[[ Records to process open ]]

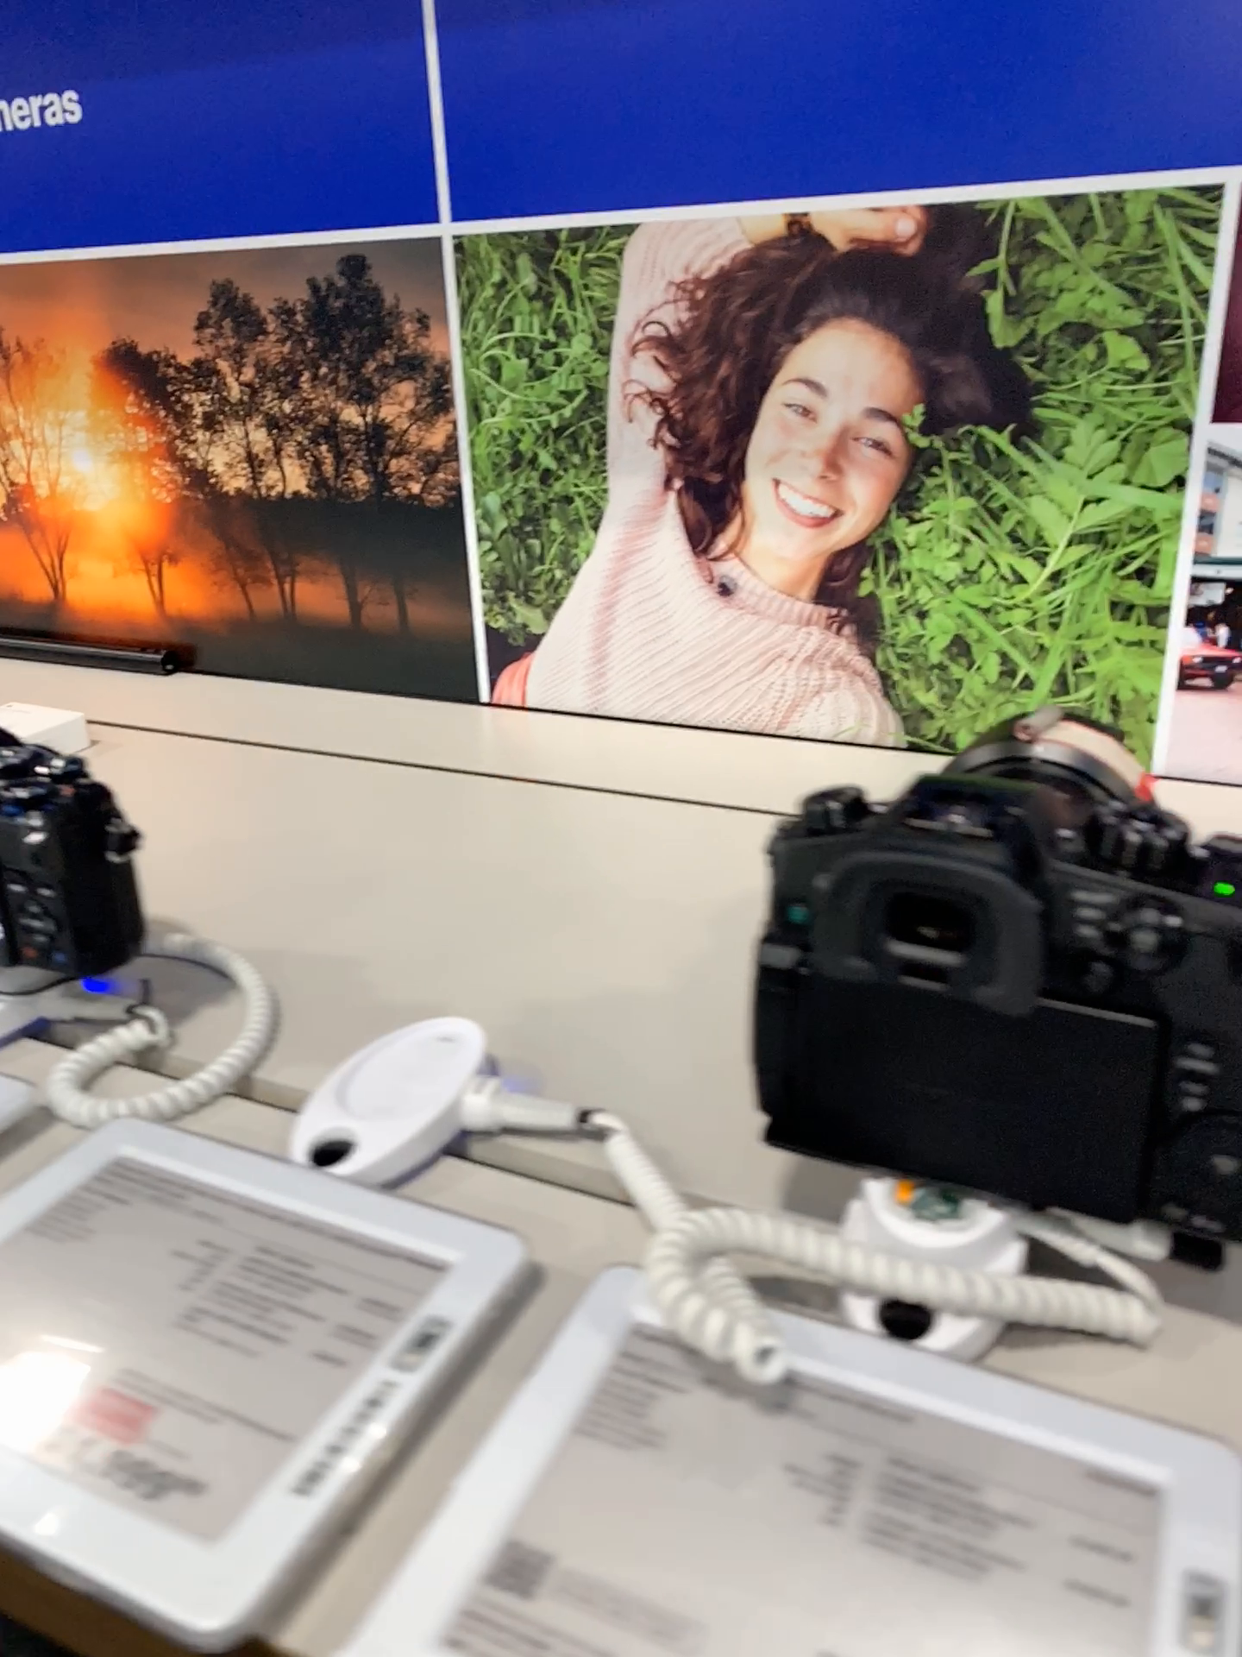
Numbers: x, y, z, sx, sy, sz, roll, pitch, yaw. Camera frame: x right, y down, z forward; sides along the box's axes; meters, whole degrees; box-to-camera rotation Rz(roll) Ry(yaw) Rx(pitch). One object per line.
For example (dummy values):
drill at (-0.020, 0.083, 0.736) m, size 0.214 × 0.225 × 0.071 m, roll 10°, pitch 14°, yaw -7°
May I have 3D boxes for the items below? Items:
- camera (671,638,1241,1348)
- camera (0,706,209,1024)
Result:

[[ Records to process closed ]]

(What is expected):
Where a line of the records contains the word "camera", copy that line.

(Task output):
Numbers: x, y, z, sx, sy, sz, roll, pitch, yaw. Camera frame: x right, y down, z forward; sides along the box's axes; meters, whole degrees; box-to-camera rotation Rz(roll) Ry(yaw) Rx(pitch). One object per line.
- camera (671,638,1241,1348)
- camera (0,706,209,1024)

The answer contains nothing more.